RE: Brin on Privacy

d.brin (
Mon, 16 Dec 1996 01:03:48 -0800

>I agree with Mr. Brin that it would probably be best for everyone if we could
>all keep an eye on each other, so that we could especially watch those who
>have a great deal of power, so that we can be aware if they are planning to do
>anything dangerous to us, so that we can take action to stop them. I sort of
>agree with his point that not having privacy is a good thing.

To be precise, I distinguish between privacy (lower case), which is a
dearly pleasant product of freedom and I refuse to do without, and Strong
Privacy, which fundamentally implies secrecy, encryption and other methods
to conceal information that others might have some reasonable desire to
see. Of course there will be a fuzzy zone of overlap, which free citizens
can and will argue about.

Again, I am a moderate! I only seem an extremist because the center of
opinion in this debate is already so incredibly far tilted toward knee-jerk

However, what I
>have not read from Mr. Brin is *how* we can realistically prevent people from
>having high levels of privacy, especially the powerful. How can we stop
>people from using encryption? The people who are conspiring against us are
>the ones who will most desire privacy and secrecy, but I don't see any
>realistic way of preventing them from attaining a sufficient level of secrecy
>to keep their conspiracy private.

I discuss this in my book. It will partly be a cultural thing. If people
REALIZE that freedom is fundamentally based on accountability, there will
be a general atmosphere of suspicion toward secrecy... and greater
suspicion the more powerful the secret-keepier. Note that the mighty emply
flunkies, and those flunkies can blow whistles, leak documents, etc. Mind
you, THAT implies that it is our best interests to allow/encourage
anonymous whistle blowing! But Brin hates anonymity! What's going on?

Hey, I am a pragmatist and a moderate, not an ideologue. The reason I push
accountability is because it is what gave us this wonderful civilization.
No other reason.

Advanced encryption is profoundly difficult
>to even detect or crack. How do we stop the powerful from developing and
>using such technologies? How do we even know that they are using such
>technologies? Sure, we can voluntarily refrain from keeping our own affairs
>private, but how can we ensure that *everyone* does this?

Almost everyone will, if it is considered rude and shameful and silly to be
so paranoid, and if enough people get caught doing it and shamed.

Face it, this is inevitable! Try to picture a future society filled with
mature, self-confident grownups with ambitions but nothing to hide. Who's
gonna skulk around encrypting then? Silly paranoics, that's who.

Mr.
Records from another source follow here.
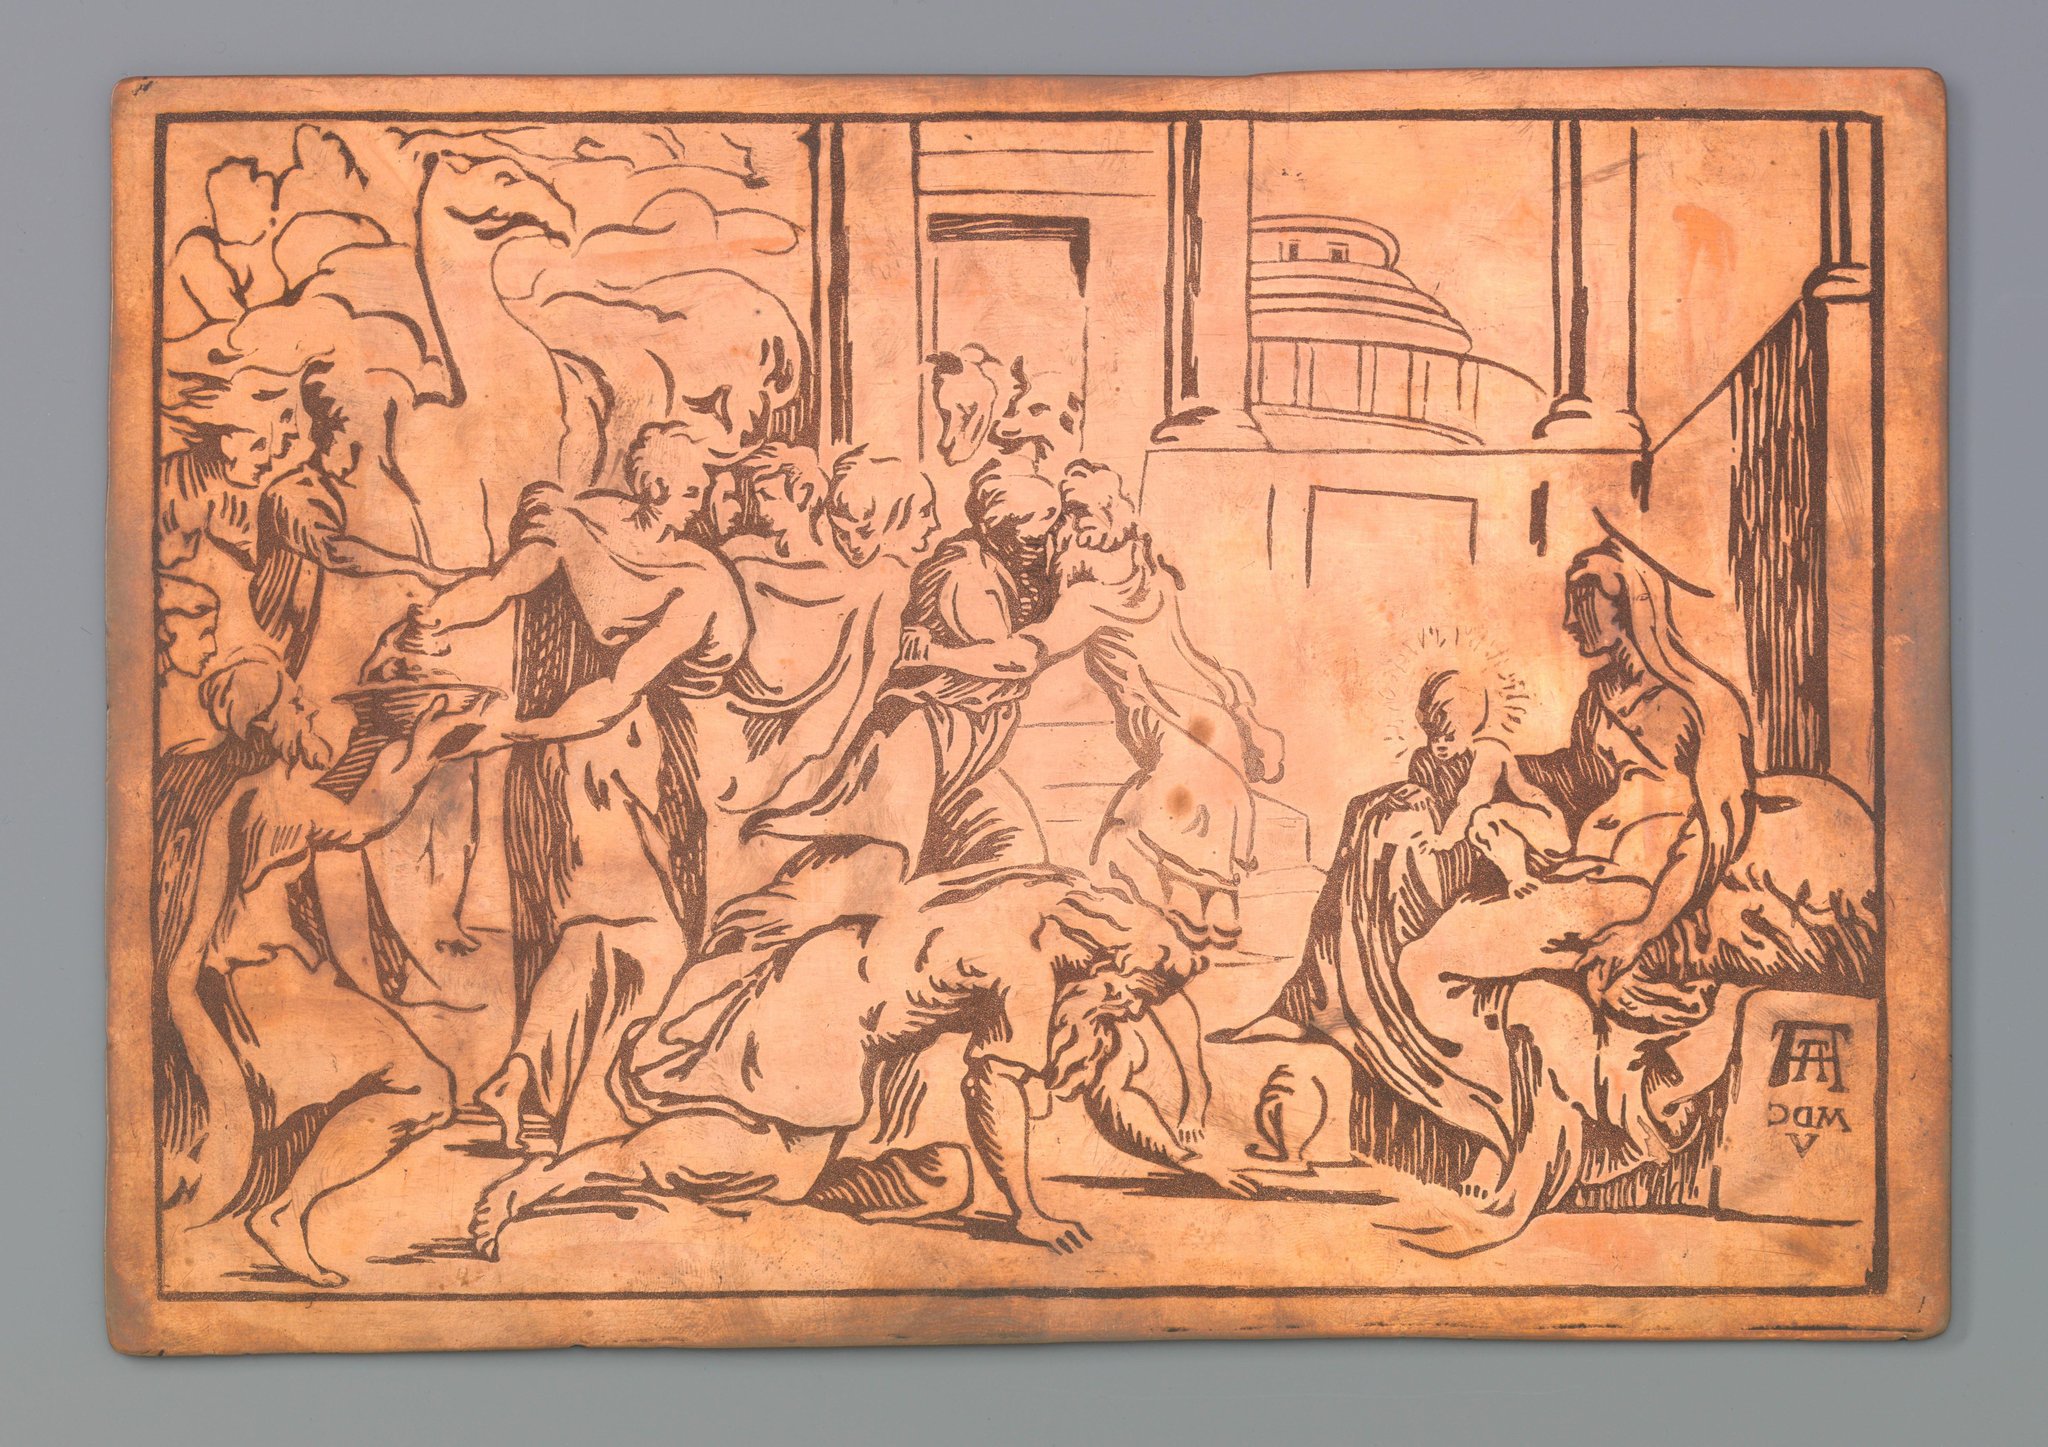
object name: copper plate
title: Aanbidding door de koningen
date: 1605
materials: copper
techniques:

Brin, are you
>advocating *forcing* everyone to be public with every detail of their lives?
>Or are you just hoping that everyone will see the sense you argue in not
>having too much privacy and willingly avoid being secretive?

I answered this above. In the short term, the paranoids and aynrandroids
will win. But if I am right, maturity will prevail in the long run.

What about those
>who have a real interest in keeping their affairs secret, such as the
>powerful? What are you proposing to do about them?

I propose continuing as we have. Every year we demand more accountability
from govt. The movement goes in fits and starts re: aristo-oligarchy, but
their corporations get more scrutiny each time they are caught doing shit.
What people miss is that the trend I describe is already what America has
been about for a very long time.

>Mr. Brin, you preach the virtues of a society without privacy. I would like
>to hear your plans for actually implementing this idea. It's one thing to
>argue that your idea is a good idea, and it's quite another thing to actually
>have concrete plans to implement the idea. I don't see how your idea can be
>implemented. Do you?

Thank you for the courteous and well-phrased questions. If I had answers
for every one, it would be a sure sign that I was an ideologue. I'm not.
Some suggestions etc can be found in my book manuscript. At some point
I'll be distributed a small number of copies for critique.